>>>
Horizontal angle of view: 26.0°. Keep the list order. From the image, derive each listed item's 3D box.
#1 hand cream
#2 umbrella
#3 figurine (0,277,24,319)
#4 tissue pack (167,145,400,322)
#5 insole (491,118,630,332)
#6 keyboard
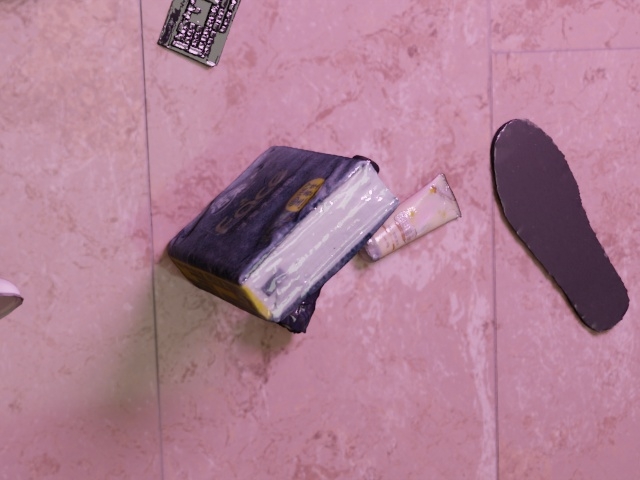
<<<
• Instructions for the task
Set down the data above verbatim, omitting every image.

• Final answer
Horizontal angle of view: 26.0°. Keep the list order. From the image, derive each listed item's 3D box.
#1 hand cream
#2 umbrella
#3 figurine (0,277,24,319)
#4 tissue pack (167,145,400,322)
#5 insole (491,118,630,332)
#6 keyboard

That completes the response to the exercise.